Award-winning dog blogger Roxanne Hawn from Champion of My Heart occasionally goes entirely off topic, from her home in the Colorado Rocky Mountains, to talk about good food. Loyal to a fault, she sometimes swears her favorite foods contain heroin to justify her “addiction.”

Growing up in a large Italian family taught me two things: (1) Food is love. (2) Being picky is rude. I eat what’s served, except for two known, dramatic food allergies–one discovered prom night, junior year (not pretty). That doesn’t mean, however, that I consider all food equal. A handful of flavors over the years captured my taste buds to the point of obsession:

  • A salsa verde, with almost-pickled undertones
  • A yakitori chicken, with just the right mix of sweet and spicy
  • A hummus like no other

Alas, the first two fade into flavor memory, with their sources boarded up or bulldozed, leaving only the hummus to see me through good times and bad.

ali baba hummus
It’s matter of texture. This hummus is smooth, almost whipped, coupled with sharp and deep flavor. It boasts early beyond-nutty notes and lingering citrus ones. How someone might coax that distinct edge from just four ingredients astounds me. Four. One of them is not garlic.

It turns out that I’m a major tahini snob.

The original Ali Baba Grill sits in Golden, Colorado, at the base of our canyon. The hummus from the restaurant is legendary. And thanks to a personal tour of the hummus-making process, now I know why.

Made from just garbanzo beans, tahini, salt, and crystallized lemon (the FDA doesn’t allow fresh lemon juice), the almost-whipped texture and high-quality tahini make all the difference in Ali Baba hummus. Mere mortal tahini is made from any old sesame seeds that get toasted and hulled just four times. The divine tahini used by Ali Baba is made in Turkey (by a Colorado company) from a Sudanese variety of sesame seeds, toasted and hulled nine times before being ground into the paste that gives Ali Baba hummus its distinct body and flavor.

ali baba hummus
These artisanal differences in ingredient quality, recipe, and production make Ali Baba hummus infinitely superior to shabby, corporatized hummus-like products:

  • Soaking the dry garbanzo beans in vast containers of fresh water overnight in the refrigerator
  • Boiling the beans along with baking soda for two hours in uncovered pots to break up the bean skins and break down enzymes that cause fermentation
  • Combining the ingredients, including a little water, by hand in a specific (secret) order before firing up the industrial blender / food processor
  • Blending the ingredients 50 percent of the time on slow, 50 percent on high (the trick to getting a better texture, even at home)
  • Using top-notch ingredients in quantities and proportions that are exponentially higher than big-name hummus brands

The Ali Baba hummus sold in stores is somewhat “Americanized” compared to what Ali Baba’s chefs make fresh each day in the restaurants. The store version is a tad lighter in flavor, with less carry-through tahini. But it’s still miles beyond the mass-produced versions, and thanks to agreements with Whole Foods and Vitamin Cottage, people outside my hometown and outside the state can enjoy fresh Ali Baba hummus and baba ghanouj (original flavors and a dozen new ones coming soon … for fans of snack dips).

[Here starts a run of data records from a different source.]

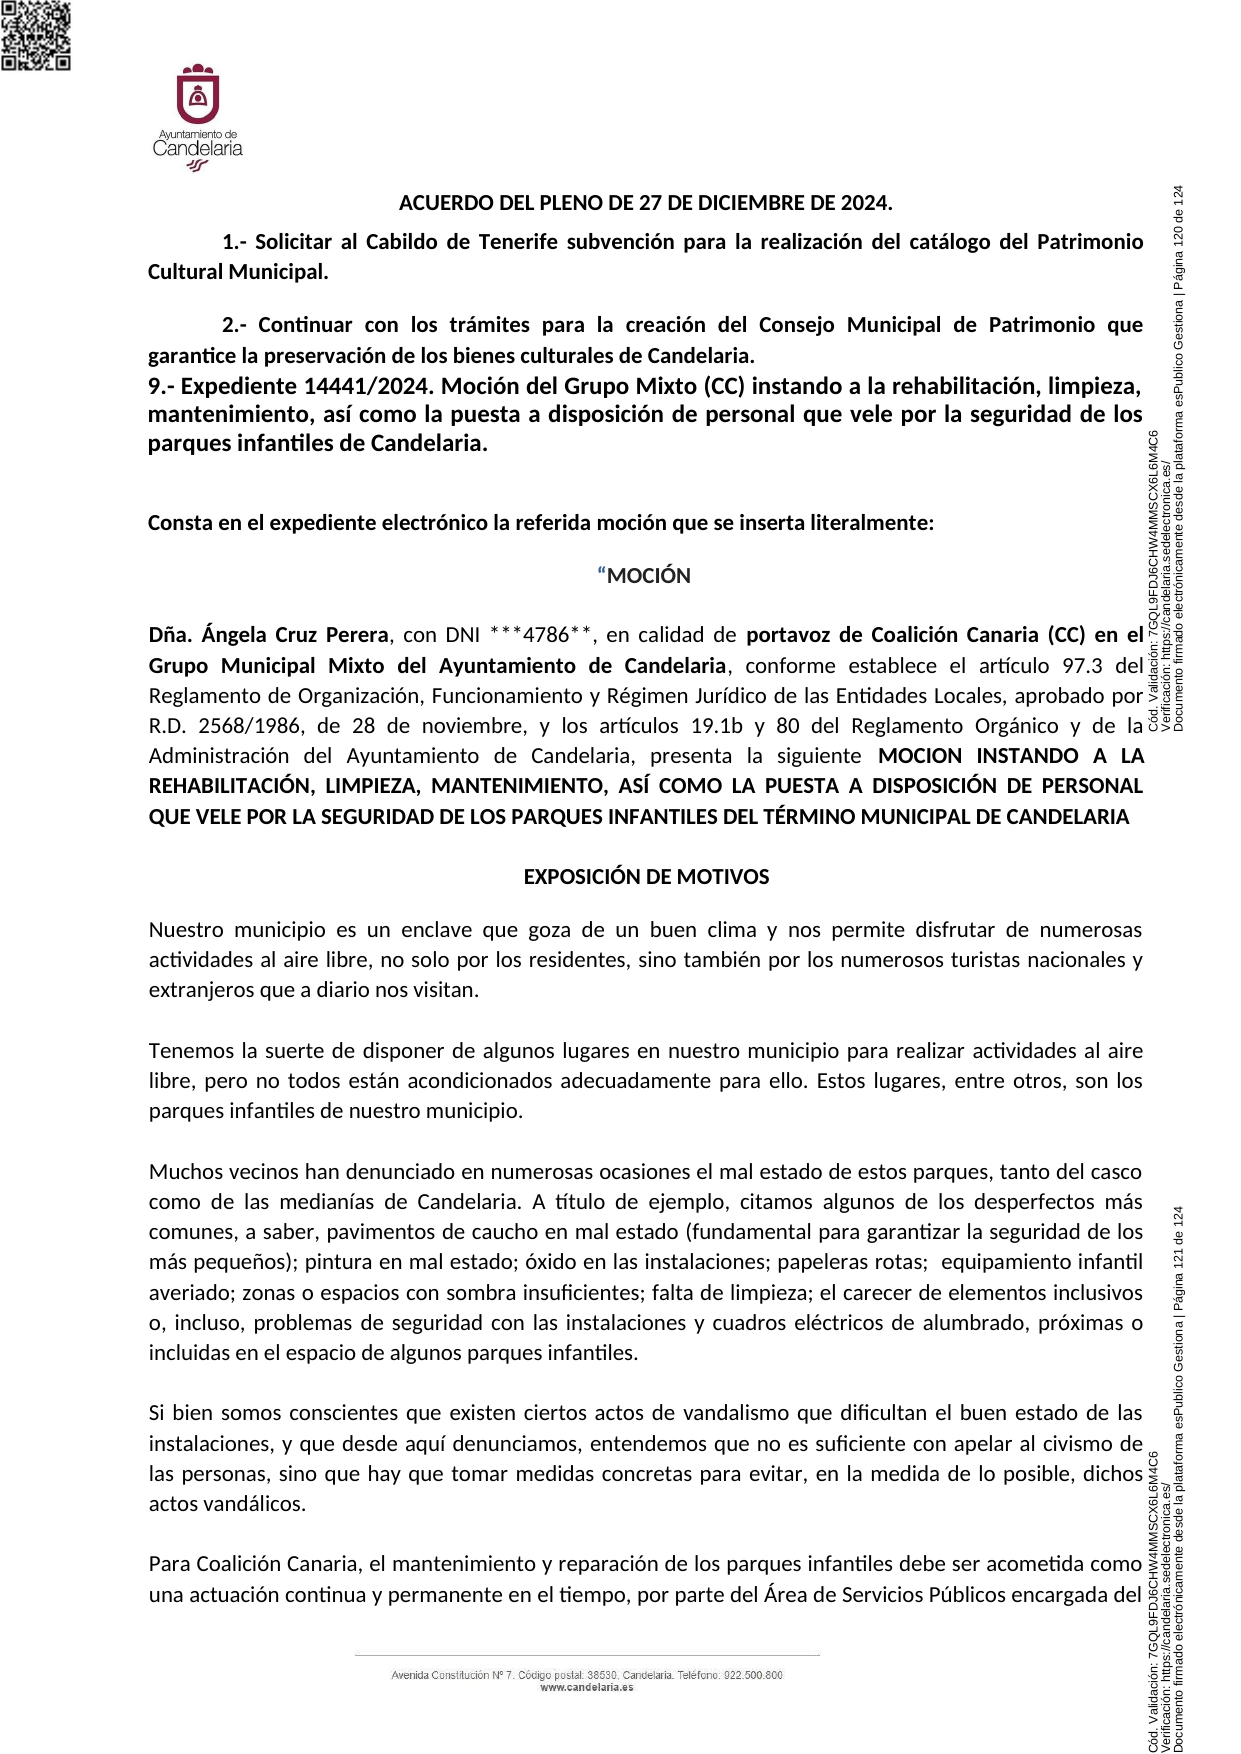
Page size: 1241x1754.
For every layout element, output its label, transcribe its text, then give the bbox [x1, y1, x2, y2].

text Muchos vecinos han denunciado en numerosas ocasiones el mal estado de estos parques, tanto del casco como de las medianías de Candelaria. A título de ejemplo, citamos algunos de los desperfectos más comunes, a saber, pavimentos de caucho en mal estado (fundamental para garantizar la seguridad de los más pequeños); pintura en mal estado; óxido en las instalaciones; papeleras rotas; equipamiento infantil averiado; zonas o espacios con sombra insuficientes; falta de limpieza; el carecer de elementos inclusivos o, incluso, problemas de seguridad con las instalaciones y cuadros eléctricos de alumbrado, próximas o incluidas en el espacio de algunos parques infantiles. [149, 1157, 1145, 1366]
text 2.- Continuar con los trámites para la creación del Consejo Municipal de Patrimonio que garantice la preservación de los bienes culturales de Candelaria. [148, 311, 1145, 369]
subtitle EXPOSICIÓN DE MOTIVOS [149, 862, 1144, 890]
text Nuestro municipio es un enclave que goza de un buen clima y nos permite disfrutar de numerosas actividades al aire libre, no solo por los residentes, sino también por los numerosos turistas nacionales y extranjeros que a diario nos visitan. [149, 915, 1145, 1004]
text 1.- Solicitar al Cabildo de Tenerife subvención para la realización del catálogo del Patrimonio Cultural Municipal. [148, 227, 1145, 285]
text Si bien somos conscientes que existen ciertos actos de vandalismo que dificultan el buen estado de las instalaciones, y que desde aquí denunciamos, entendemos que no es suficiente con apelar al civismo de las personas, sino que hay que tomar medidas concretas para evitar, en la medida de lo posible, dichos actos vandálicos. [149, 1398, 1145, 1517]
text 9.- Expediente 14441/2024. Moción del Grupo Mixto (CC) instando a la rehabilitación, limpieza, mantenimiento, así como la puesta a disposición de personal que vele por la seguridad de los parques infantiles de Candelaria. [147, 371, 1144, 457]
text Tenemos la suerte de disponer de algunos lugares en nuestro municipio para realizar actividades al aire libre, pero no todos están acondicionados adecuadamente para ello. Estos lugares, entre otros, son los parques infantiles de nuestro municipio. [149, 1036, 1145, 1124]
text ACUERDO DEL PLENO DE 27 DE DICIEMBRE DE 2024. [149, 188, 1144, 216]
text Dña. Ángela Cruz Perera, con DNI ***4786**, en calidad de portavoz de Coalición Canaria (CC) en el Grupo Municipal Mixto del Ayuntamiento de Candelaria, conforme establece el artículo 97.3 del Reglamento de Organización, Funcionamiento y Régimen Jurídico de las Entidades Locales, aprobado por R.D. 2568/1986, de 28 de noviembre, y los artículos 19.1b y 80 del Reglamento Orgánico y de la Administración del Ayuntamiento de Candelaria, presenta la siguiente MOCION INSTANDO A LA REHABILITACIÓN, LIMPIEZA, MANTENIMIENTO, ASÍ COMO LA PUESTA A DISPOSICIÓN DE PERSONAL QUE VELE POR LA SEGURIDAD DE LOS PARQUES INFANTILES DEL TÉRMINO MUNICIPAL DE CANDELARIA [149, 621, 1145, 830]
text “MOCIÓN [143, 561, 1145, 589]
text Para Coalición Canaria, el mantenimiento y reparación de los parques infantiles debe ser acometida como una actuación continua y permanente en el tiempo, por parte del Área de Servicios Públicos encargada del [149, 1549, 1145, 1608]
text Consta en el expediente electrónico la referida moción que se inserta literalmente: [148, 508, 1145, 536]
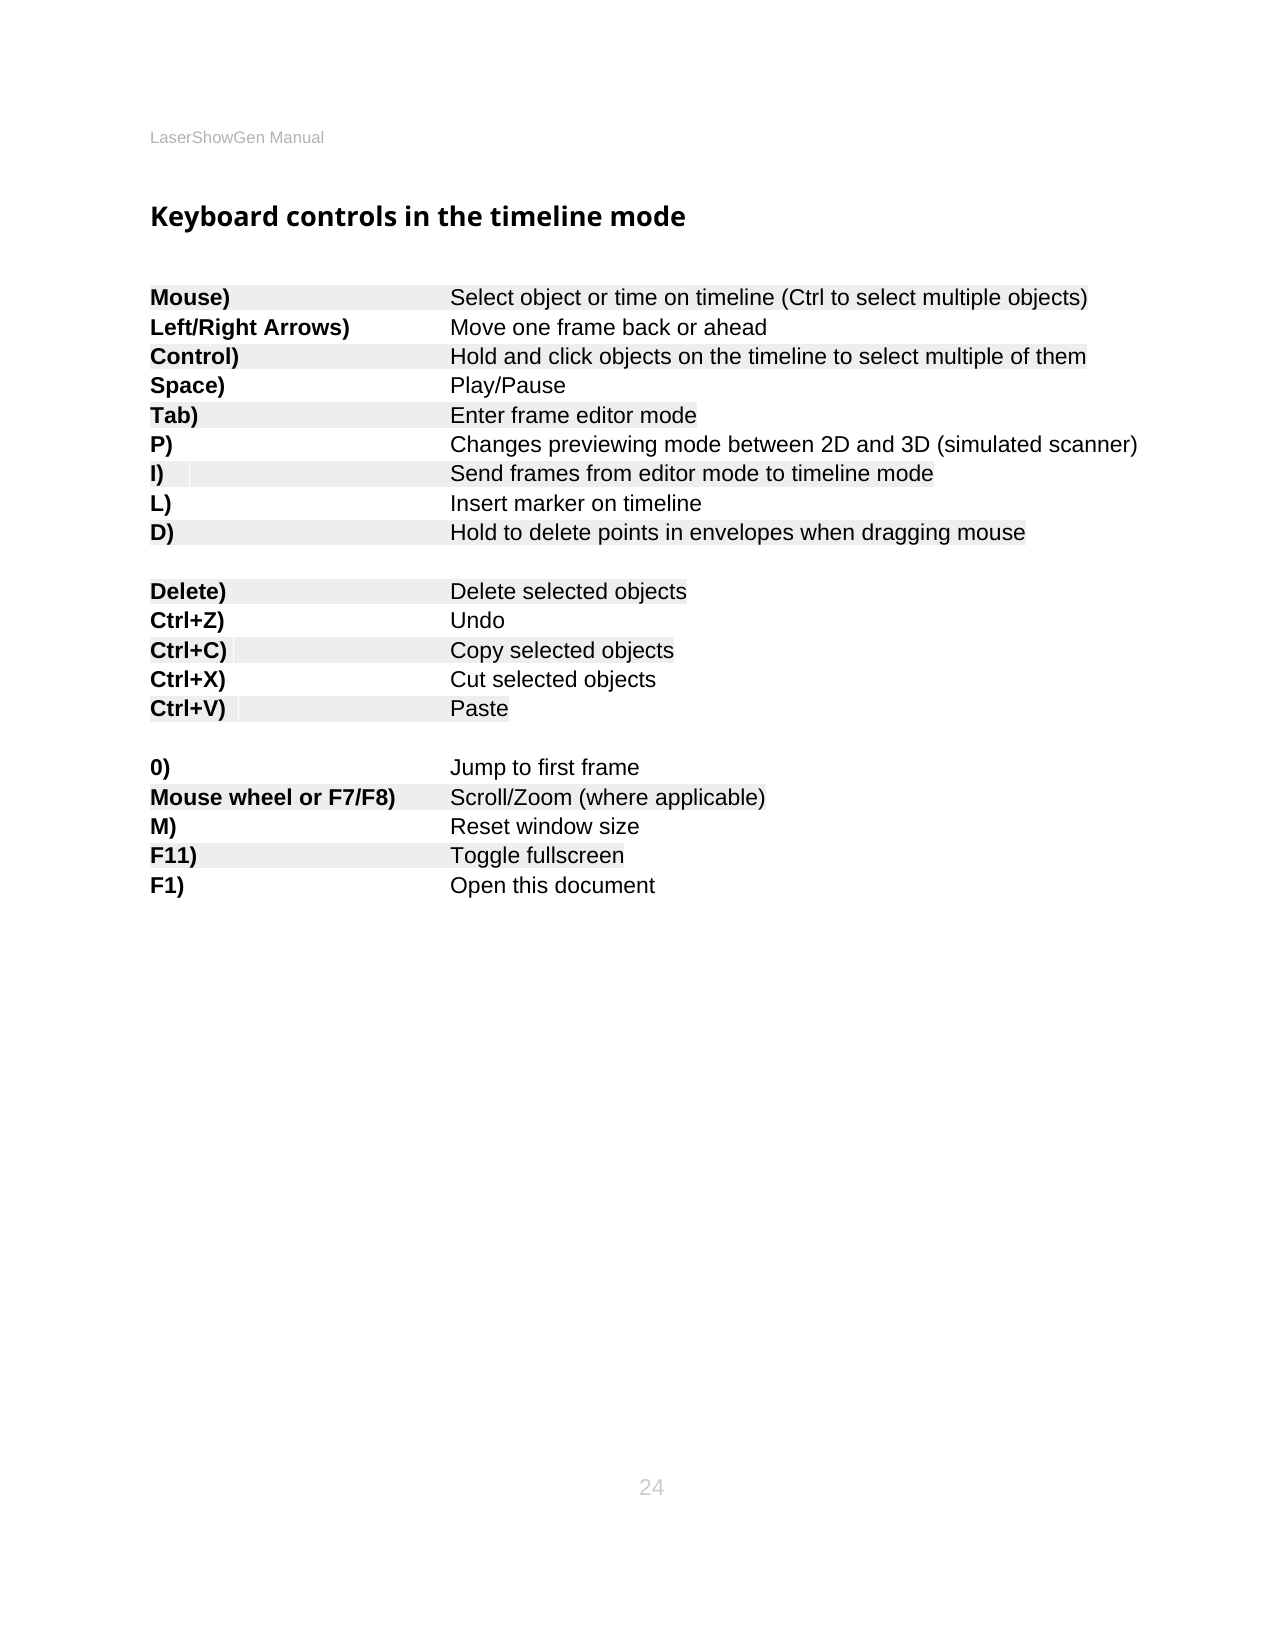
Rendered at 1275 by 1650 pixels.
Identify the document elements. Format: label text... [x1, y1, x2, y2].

text Ctrl+C) Copy selected objects [150, 637, 1153, 663]
text Mouse wheel or F7/F8) Scroll/Zoom (where applicable) [150, 784, 1153, 810]
text Ctrl+Z) Undo [150, 608, 1153, 633]
text P) Changes previewing mode between 2D and 3D (simulated scanner) [150, 432, 1153, 457]
text Delete) Delete selected objects [150, 578, 1153, 604]
text D) Hold to delete points in envelopes when dragging mouse [150, 520, 1153, 545]
subtitle Keyboard controls in the timeline mode [150, 197, 1153, 234]
text Space) Play/Pause [150, 373, 1153, 398]
text Tab) Enter frame editor mode [150, 402, 1153, 428]
text M) Reset window size [150, 813, 1153, 839]
text 0) Jump to first frame [150, 755, 1153, 780]
text I) Send frames from editor mode to timeline mode [150, 461, 1153, 487]
text Ctrl+V) Paste [150, 696, 1153, 722]
text Left/Right Arrows) Move one frame back or ahead [150, 314, 1153, 340]
text F11) Toggle fullscreen [150, 843, 1153, 868]
text Control) Hold and click objects on the timeline to select multiple of them [150, 343, 1153, 369]
text Mouse) Select object or time on timeline (Ctrl to select multiple objects) [150, 285, 1153, 310]
text Ctrl+X) Cut selected objects [150, 667, 1153, 692]
text F1) Open this document [150, 872, 1153, 898]
text L) Insert marker on timeline [150, 490, 1153, 516]

Rejoice. Seriously. Go hop around for a minute. I’ll wait.

As of July 2011, if you live in Colorado, Utah, Wyoming, New Mexico, Kansas, Oklahoma, and Texas you can get Ali Baba products. Through a new deal via Albert’s Organics, additional stores (mostly independent ones) in these states will soon carry the products as well. The plan is to continue expanding West. Sorry to those East.

In the next six months, Ali Baba expects demand to increase by 100 percent, which is why they’ll move from a shared commercial kitchen space into their own facility, with three commercial food processors and a huge dispensing and packaging machine, by early 2012.

making baba ghanouj

Syrian native Fiyahd Aoutabachi, who trained and worked as a chef in Saudi Arabia, and Lebanese native Mahmoud Dukmak, who learned the art of hospitality in Syria, founded the first Ali Baba restaurant in 2000 and later expanded–doubling the size of the original location, adding another one, and soon trying an express location.

Longtime friend Khaldoun “Khal” Hejazi, who is from Jordan and lived in the U.K. before coming to Colorado for college, pitched the idea of selling Ali Baba hummus and baba ghanouj through stores after he gave up his career in engineering. (Local Whole Foods folks were already clamoring for product.)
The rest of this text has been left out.